What you need to do »
Each line from the top of the listing through the one holding "12) supplement package (44,33,209,170)" should be restated word for word, with nothing added and no pictures.
• • • • • • •
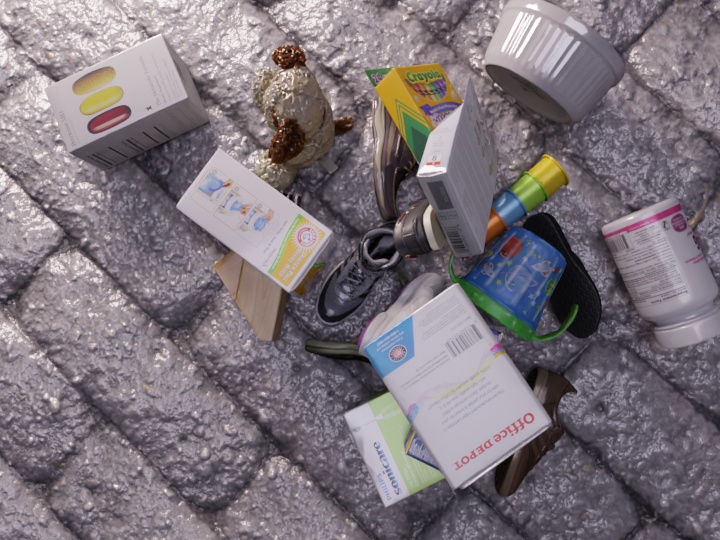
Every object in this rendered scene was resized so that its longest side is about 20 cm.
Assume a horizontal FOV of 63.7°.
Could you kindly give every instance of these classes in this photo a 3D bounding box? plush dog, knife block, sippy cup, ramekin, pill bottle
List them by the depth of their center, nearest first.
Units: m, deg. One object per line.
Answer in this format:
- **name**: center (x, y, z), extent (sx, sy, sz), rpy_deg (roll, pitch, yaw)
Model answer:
- **sippy cup**: center (0.227, 0.012, 0.850), extent (0.177, 0.140, 0.131), rpy_deg (34, 95, -28)
- **ramekin**: center (0.273, -0.299, 0.851), extent (0.201, 0.202, 0.095), rpy_deg (35, 101, 4)
- **pill bottle**: center (0.451, 0.005, 0.858), extent (0.112, 0.113, 0.202), rpy_deg (-23, 86, 1)
- **plush dog**: center (-0.092, -0.232, 0.867), extent (0.158, 0.172, 0.203), rpy_deg (-4, 85, 2)
- **knife block**: center (-0.130, -0.015, 0.909), extent (0.175, 0.064, 0.201), rpy_deg (-34, 85, 1)

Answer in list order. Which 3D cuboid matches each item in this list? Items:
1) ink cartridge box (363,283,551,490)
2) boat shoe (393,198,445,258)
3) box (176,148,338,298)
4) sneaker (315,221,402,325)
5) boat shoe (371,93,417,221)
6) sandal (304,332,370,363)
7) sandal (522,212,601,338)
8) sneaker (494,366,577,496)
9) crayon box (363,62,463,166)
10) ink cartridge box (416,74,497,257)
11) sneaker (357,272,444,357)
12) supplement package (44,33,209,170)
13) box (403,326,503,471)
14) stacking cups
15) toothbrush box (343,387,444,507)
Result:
- **ink cartridge box**: center (0.118, 0.142, 0.724), extent (0.144, 0.085, 0.201), rpy_deg (-34, 80, 1)
- **boat shoe**: center (0.099, -0.070, 0.846), extent (0.062, 0.201, 0.075), rpy_deg (-14, 102, 24)
- **box**: center (-0.140, -0.061, 0.824), extent (0.199, 0.113, 0.102), rpy_deg (36, 85, 6)
- **sneaker**: center (0.000, 0.000, 0.877), extent (0.075, 0.114, 0.200), rpy_deg (42, 89, 5)
- **boat shoe**: center (0.055, -0.179, 0.908), extent (0.072, 0.074, 0.203), rpy_deg (-2, 87, 3)
- **sandal**: center (0.013, 0.111, 0.891), extent (0.198, 0.080, 0.058), rpy_deg (6, 73, 3)
- **sandal**: center (0.318, 0.003, 0.890), extent (0.048, 0.075, 0.203), rpy_deg (-10, 75, -43)
- **sneaker**: center (0.266, 0.251, 0.871), extent (0.075, 0.070, 0.202), rpy_deg (20, 88, 3)
- **crayon box**: center (0.105, -0.242, 0.885), extent (0.051, 0.125, 0.201), rpy_deg (-35, 83, 45)
- **ink cartridge box**: center (0.143, -0.148, 0.816), extent (0.050, 0.163, 0.202), rpy_deg (-6, 49, 27)
- **sneaker**: center (0.081, 0.080, 0.852), extent (0.099, 0.075, 0.200), rpy_deg (32, 48, 18)
- **supplement package**: center (-0.362, -0.259, 0.913), extent (0.198, 0.110, 0.115), rpy_deg (-25, 85, 1)
- **box**: center (0.127, 0.166, 0.798), extent (0.064, 0.070, 0.202), rpy_deg (24, 85, 5)
- **stacking cups**: center (0.230, -0.091, 0.901), extent (0.200, 0.061, 0.061), rpy_deg (-42, 85, 1)
- **toothbrush box**: center (0.094, 0.234, 0.871), extent (0.198, 0.086, 0.147), rpy_deg (-27, 83, -1)
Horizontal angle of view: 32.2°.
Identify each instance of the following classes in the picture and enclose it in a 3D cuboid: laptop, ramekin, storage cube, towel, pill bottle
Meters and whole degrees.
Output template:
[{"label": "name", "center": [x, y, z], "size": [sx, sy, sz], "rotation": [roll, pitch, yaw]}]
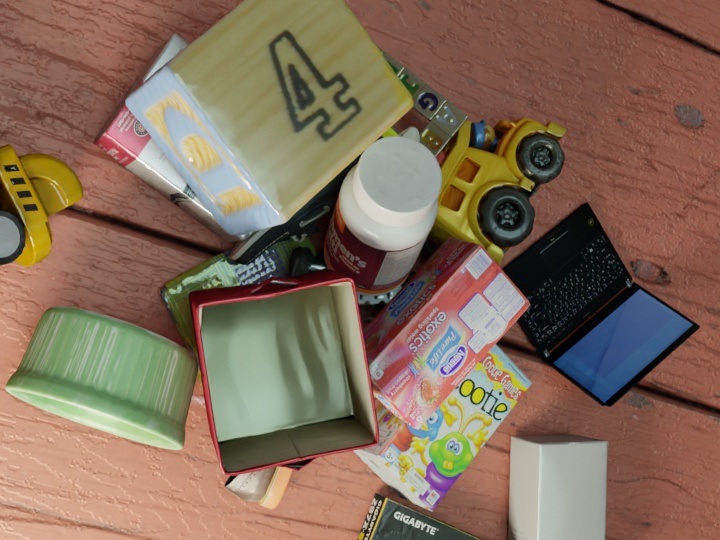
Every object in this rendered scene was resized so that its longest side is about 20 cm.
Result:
[{"label": "laptop", "center": [0.304, 0.041, 1.611], "size": [0.176, 0.103, 0.201], "rotation": [-37, 102, -18]}, {"label": "ramekin", "center": [-0.270, 0.114, 1.340], "size": [0.198, 0.200, 0.099], "rotation": [23, 74, -19]}, {"label": "storage cube", "center": [-0.089, 0.103, 1.345], "size": [0.168, 0.180, 0.203], "rotation": [-10, 96, -10]}, {"label": "towel", "center": [-0.129, 0.039, 1.485], "size": [0.199, 0.023, 0.145], "rotation": [-31, 99, -20]}, {"label": "pill bottle", "center": [0.024, -0.058, 1.369], "size": [0.108, 0.200, 0.111], "rotation": [4, 65, -8]}]

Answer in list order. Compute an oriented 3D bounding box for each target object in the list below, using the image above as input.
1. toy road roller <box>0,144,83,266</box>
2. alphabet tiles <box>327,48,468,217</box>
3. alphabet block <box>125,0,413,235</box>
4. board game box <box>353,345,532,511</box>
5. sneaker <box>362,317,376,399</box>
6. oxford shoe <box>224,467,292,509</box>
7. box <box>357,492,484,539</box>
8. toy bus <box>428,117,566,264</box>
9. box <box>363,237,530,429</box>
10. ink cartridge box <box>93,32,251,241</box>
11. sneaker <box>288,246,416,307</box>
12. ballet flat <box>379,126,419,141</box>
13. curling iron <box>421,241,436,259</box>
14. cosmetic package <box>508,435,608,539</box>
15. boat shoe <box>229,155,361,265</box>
[{"label": "toy road roller", "center": [-0.391, -0.099, 1.336], "size": [0.145, 0.122, 0.202], "rotation": [-31, 103, -33]}, {"label": "alphabet tiles", "center": [0.005, -0.158, 1.504], "size": [0.167, 0.008, 0.201], "rotation": [38, 84, 11]}, {"label": "alphabet block", "center": [-0.099, -0.178, 1.320], "size": [0.200, 0.195, 0.197], "rotation": [-43, 105, -20]}, {"label": "board game box", "center": [0.097, 0.176, 1.527], "size": [0.103, 0.105, 0.201], "rotation": [44, 76, -16]}, {"label": "sneaker", "center": [0.025, 0.085, 1.517], "size": [0.200, 0.074, 0.087], "rotation": [-43, 102, -16]}, {"label": "oxford shoe", "center": [-0.103, 0.175, 1.468], "size": [0.072, 0.071, 0.203], "rotation": [19, 83, -16]}, {"label": "box", "center": [0.078, 0.389, 1.548], "size": [0.198, 0.049, 0.162], "rotation": [27, 82, -19]}, {"label": "toy bus", "center": [0.135, -0.120, 1.545], "size": [0.190, 0.136, 0.202], "rotation": [30, 78, -1]}, {"label": "box", "center": [0.086, 0.070, 1.446], "size": [0.200, 0.095, 0.103], "rotation": [-47, 109, -9]}, {"label": "ink cartridge box", "center": [-0.181, -0.148, 1.433], "size": [0.199, 0.084, 0.146], "rotation": [37, 76, -16]}, {"label": "sneaker", "center": [0.000, 0.000, 1.494], "size": [0.197, 0.066, 0.092], "rotation": [-3, 90, -26]}, {"label": "ballet flat", "center": [0.029, -0.159, 1.469], "size": [0.067, 0.067, 0.200], "rotation": [-38, 76, -19]}, {"label": "curling iron", "center": [0.100, 0.007, 1.574], "size": [0.199, 0.026, 0.050], "rotation": [39, 104, -22]}, {"label": "cosmetic package", "center": [0.252, 0.315, 1.597], "size": [0.106, 0.085, 0.203], "rotation": [3, 87, -22]}, {"label": "boat shoe", "center": [-0.066, -0.069, 1.451], "size": [0.200, 0.074, 0.060], "rotation": [-44, 108, -3]}]
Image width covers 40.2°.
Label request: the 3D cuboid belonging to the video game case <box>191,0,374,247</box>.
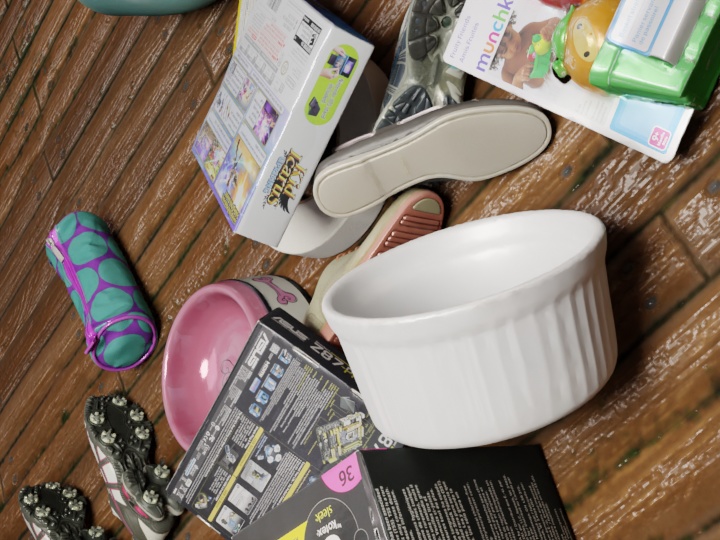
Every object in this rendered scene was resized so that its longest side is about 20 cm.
[{"bbox_3d":[-0.076,-0.145,0.853,0.183,0.045,0.200,-61,30,16],"label":"video game case"}]

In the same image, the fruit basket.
[{"bbox_3d":[0.165,-0.199,0.679,0.198,0.093,0.188,30,106,25],"label":"fruit basket"}]

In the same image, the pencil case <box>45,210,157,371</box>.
[{"bbox_3d":[-0.311,0.023,1.167,0.086,0.091,0.201,-56,49,23],"label":"pencil case"}]

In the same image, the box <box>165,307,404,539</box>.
[{"bbox_3d":[-0.061,0.160,0.854,0.160,0.049,0.202,34,112,10],"label":"box"}]

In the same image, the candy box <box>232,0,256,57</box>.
[{"bbox_3d":[-0.092,-0.184,0.963,0.101,0.026,0.204,4,86,44],"label":"candy box"}]

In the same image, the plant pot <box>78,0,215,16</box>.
[{"bbox_3d":[-0.212,-0.371,1.064,0.159,0.199,0.205,17,96,33],"label":"plant pot"}]

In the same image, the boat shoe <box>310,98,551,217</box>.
[{"bbox_3d":[0.052,-0.101,0.788,0.196,0.068,0.057,-17,36,12],"label":"boat shoe"}]

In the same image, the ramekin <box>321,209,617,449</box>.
[{"bbox_3d":[0.080,0.038,0.675,0.198,0.199,0.099,-2,111,46],"label":"ramekin"}]

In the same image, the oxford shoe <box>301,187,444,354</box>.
[{"bbox_3d":[0.000,0.000,0.857,0.201,0.070,0.074,-55,46,24],"label":"oxford shoe"}]

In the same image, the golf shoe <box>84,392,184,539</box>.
[{"bbox_3d":[-0.267,0.223,1.102,0.201,0.076,0.089,51,126,39],"label":"golf shoe"}]

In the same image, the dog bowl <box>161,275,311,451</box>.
[{"bbox_3d":[-0.122,0.101,0.967,0.198,0.073,0.205,-11,75,45],"label":"dog bowl"}]

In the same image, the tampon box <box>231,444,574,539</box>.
[{"bbox_3d":[0.039,0.211,0.685,0.149,0.198,0.128,-39,57,34],"label":"tampon box"}]

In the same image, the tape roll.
[{"bbox_3d":[-0.043,-0.114,0.945,0.201,0.037,0.207,-11,75,46],"label":"tape roll"}]

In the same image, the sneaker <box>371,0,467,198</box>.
[{"bbox_3d":[0.058,-0.158,0.834,0.087,0.076,0.203,-89,15,-61],"label":"sneaker"}]

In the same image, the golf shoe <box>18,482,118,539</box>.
[{"bbox_3d":[-0.356,0.325,1.169,0.199,0.076,0.090,31,113,46],"label":"golf shoe"}]
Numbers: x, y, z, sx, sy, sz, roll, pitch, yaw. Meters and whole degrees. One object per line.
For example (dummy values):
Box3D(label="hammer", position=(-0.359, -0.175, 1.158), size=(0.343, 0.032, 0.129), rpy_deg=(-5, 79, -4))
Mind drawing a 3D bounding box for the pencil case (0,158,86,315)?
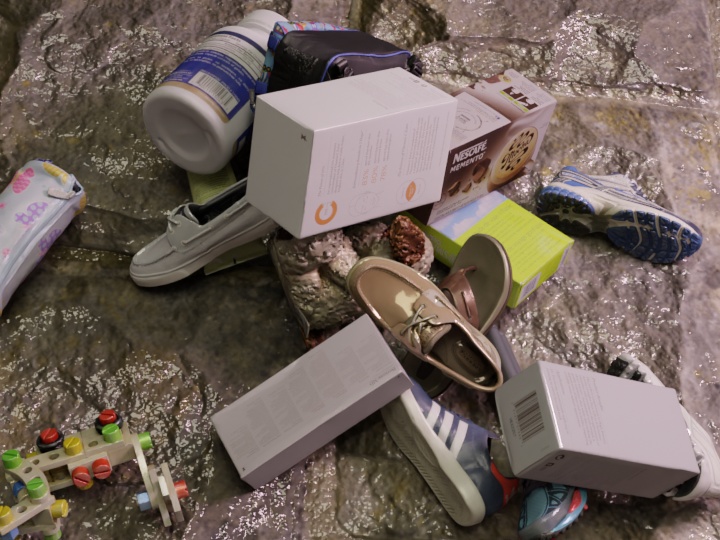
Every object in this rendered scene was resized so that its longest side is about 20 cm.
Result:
Box3D(label="pencil case", position=(-0.392, -0.033, 1.673), size=(0.091, 0.083, 0.200), rpy_deg=(10, 51, 30))

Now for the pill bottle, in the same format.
Box3D(label="pill bottle", position=(-0.154, -0.217, 1.748), size=(0.120, 0.120, 0.200), rpy_deg=(27, 52, 15))

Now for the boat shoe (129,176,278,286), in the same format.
Box3D(label="boat shoe", position=(-0.181, -0.048, 1.669), size=(0.200, 0.069, 0.072), rpy_deg=(-22, 37, 15))

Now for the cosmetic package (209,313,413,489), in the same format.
Box3D(label="cosmetic package", position=(-0.051, 0.138, 1.549), size=(0.200, 0.051, 0.083), rpy_deg=(-33, 58, 3))

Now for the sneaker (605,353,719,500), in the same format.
Box3D(label="sneaker", position=(0.328, 0.172, 1.597), size=(0.081, 0.075, 0.200), rpy_deg=(14, 34, -37))

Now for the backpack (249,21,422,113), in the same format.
Box3D(label="backpack", position=(-0.042, -0.171, 1.694), size=(0.134, 0.200, 0.183), rpy_deg=(29, 25, 29))

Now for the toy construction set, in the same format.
Box3D(label="toy construction set", position=(-0.276, 0.212, 1.495), size=(0.200, 0.092, 0.131), rpy_deg=(-4, 29, -17))

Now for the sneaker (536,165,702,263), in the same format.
Box3D(label="sneaker", position=(0.318, -0.079, 1.773), size=(0.200, 0.077, 0.085), rpy_deg=(21, 50, 10))

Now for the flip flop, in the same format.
Box3D(label="flip flop", position=(0.099, 0.048, 1.626), size=(0.081, 0.058, 0.200), rpy_deg=(27, 82, 35))

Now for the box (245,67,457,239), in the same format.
Box3D(label="box", position=(-0.009, -0.127, 1.558), size=(0.200, 0.125, 0.097), rpy_deg=(-17, 38, -38))

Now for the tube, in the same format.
Box3D(label="tube", position=(-0.171, -0.087, 1.757), size=(0.052, 0.058, 0.200), rpy_deg=(10, 47, -39))

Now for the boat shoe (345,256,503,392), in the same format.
Box3D(label="boat shoe", position=(0.071, 0.058, 1.560), size=(0.200, 0.065, 0.072), rpy_deg=(40, 95, -11))

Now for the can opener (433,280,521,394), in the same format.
Box3D(label="can opener", position=(0.138, 0.089, 1.655), size=(0.066, 0.053, 0.200), rpy_deg=(-35, 55, 13))

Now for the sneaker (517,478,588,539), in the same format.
Box3D(label="sneaker", position=(0.180, 0.197, 1.517), size=(0.096, 0.079, 0.200), rpy_deg=(43, 36, -16))

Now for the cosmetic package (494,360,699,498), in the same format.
Box3D(label="cosmetic package", position=(0.238, 0.162, 1.482), size=(0.200, 0.074, 0.102), rpy_deg=(16, 51, -35))

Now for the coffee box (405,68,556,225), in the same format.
Box3D(label="coffee box", position=(0.125, -0.146, 1.720), size=(0.080, 0.113, 0.200), rpy_deg=(39, 44, 25))

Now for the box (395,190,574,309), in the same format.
Box3D(label="box", position=(0.134, -0.048, 1.737), size=(0.200, 0.048, 0.122), rpy_deg=(34, 45, 20))

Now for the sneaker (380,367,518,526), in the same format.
Box3D(label="sneaker", position=(0.094, 0.174, 1.571), size=(0.084, 0.075, 0.200), rpy_deg=(-22, 64, -25))

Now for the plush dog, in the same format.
Box3D(label="plush dog", position=(0.000, 0.000, 1.648), size=(0.172, 0.200, 0.161), rpy_deg=(-19, 90, -7))
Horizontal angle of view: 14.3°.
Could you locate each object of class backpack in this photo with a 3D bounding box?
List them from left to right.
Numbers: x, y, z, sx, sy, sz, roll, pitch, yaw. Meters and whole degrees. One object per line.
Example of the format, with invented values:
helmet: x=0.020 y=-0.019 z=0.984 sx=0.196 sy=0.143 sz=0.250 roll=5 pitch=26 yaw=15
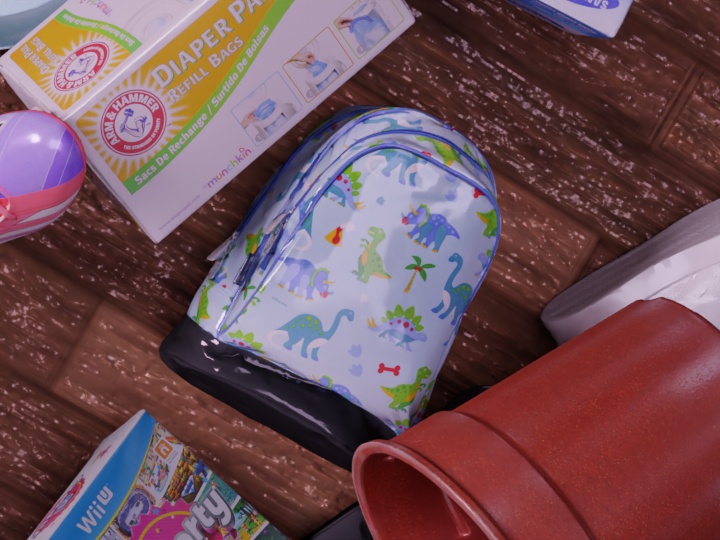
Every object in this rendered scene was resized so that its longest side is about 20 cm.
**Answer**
backpack: x=0.000 y=0.000 z=1.679 sx=0.163 sy=0.154 sz=0.201 roll=31 pitch=77 yaw=-9

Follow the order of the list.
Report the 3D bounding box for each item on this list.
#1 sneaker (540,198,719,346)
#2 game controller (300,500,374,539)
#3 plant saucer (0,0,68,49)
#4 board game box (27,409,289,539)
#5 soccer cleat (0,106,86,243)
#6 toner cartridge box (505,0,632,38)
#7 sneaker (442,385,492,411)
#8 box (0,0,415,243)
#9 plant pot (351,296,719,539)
sneaker: x=0.222 y=0.027 z=1.765 sx=0.199 sy=0.074 sz=0.116 roll=-29 pitch=105 yaw=1
game controller: x=0.031 y=0.234 z=1.756 sx=0.104 sy=0.042 sz=0.200 roll=-36 pitch=103 yaw=-7
plant saucer: x=-0.215 y=-0.227 z=1.644 sx=0.199 sy=0.027 sz=0.201 roll=-2 pitch=98 yaw=-14
board game box: x=-0.102 y=0.204 z=1.659 sx=0.200 sy=0.064 sz=0.148 roll=42 pitch=53 yaw=-9
soccer cleat: x=-0.227 y=-0.029 z=1.588 sx=0.067 sy=0.200 sz=0.076 roll=55 pitch=44 yaw=-14
toner cartridge box: x=0.059 y=-0.199 z=1.680 sx=0.199 sy=0.095 sz=0.043 roll=26 pitch=92 yaw=-15
sneaker: x=0.118 y=0.156 z=1.749 sx=0.074 sy=0.080 sz=0.200 roll=-34 pitch=102 yaw=-5
box: x=-0.089 y=-0.130 z=1.632 sx=0.200 sy=0.112 sz=0.101 roll=-41 pitch=125 yaw=-5
plant pot: x=0.132 y=0.126 z=1.637 sx=0.195 sy=0.201 sz=0.201 roll=-35 pitch=104 yaw=-19
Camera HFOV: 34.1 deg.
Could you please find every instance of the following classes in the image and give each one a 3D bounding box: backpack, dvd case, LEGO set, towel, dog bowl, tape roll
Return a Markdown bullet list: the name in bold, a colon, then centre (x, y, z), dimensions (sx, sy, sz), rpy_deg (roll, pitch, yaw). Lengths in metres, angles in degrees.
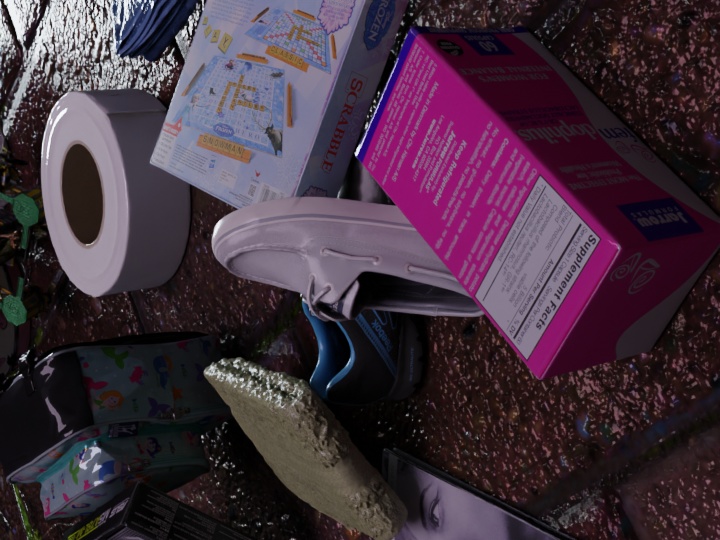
• • • • • • •
Result of the task »
Every object in this rendered scene was resized so that its longest side is about 20 cm.
Assume a horizontal FOV of 63.7°.
Could you kindly give every instance of these classes in this photo a 3D bounding box? plush dog, knife block, sippy cup, ramekin, pill bottle
List them by the depth of their center, nearest first.
Units: m, deg. One object per line.
Answer in this format:
- **name**: center (x, y, z), extent (sx, sy, sz), rpy_deg (roll, pitch, yaw)
Model answer:
- **sippy cup**: center (0.227, 0.012, 0.850), extent (0.177, 0.140, 0.131), rpy_deg (34, 95, -28)
- **ramekin**: center (0.273, -0.299, 0.851), extent (0.201, 0.202, 0.095), rpy_deg (35, 101, 4)
- **pill bottle**: center (0.451, 0.005, 0.858), extent (0.112, 0.113, 0.202), rpy_deg (-23, 86, 1)
- **plush dog**: center (-0.092, -0.232, 0.867), extent (0.158, 0.172, 0.203), rpy_deg (-4, 85, 2)
- **knife block**: center (-0.130, -0.015, 0.909), extent (0.175, 0.064, 0.201), rpy_deg (-34, 85, 1)

Answer in list order. Which 3D cuboid matches each item in this list? Items:
1) ink cartridge box (363,283,551,490)
2) boat shoe (393,198,445,258)
3) box (176,148,338,298)
4) sneaker (315,221,402,325)
5) boat shoe (371,93,417,221)
6) sandal (304,332,370,363)
7) sandal (522,212,601,338)
8) sneaker (494,366,577,496)
9) crayon box (363,62,463,166)
10) ink cartridge box (416,74,497,257)
11) sneaker (357,272,444,357)
12) supplement package (44,33,209,170)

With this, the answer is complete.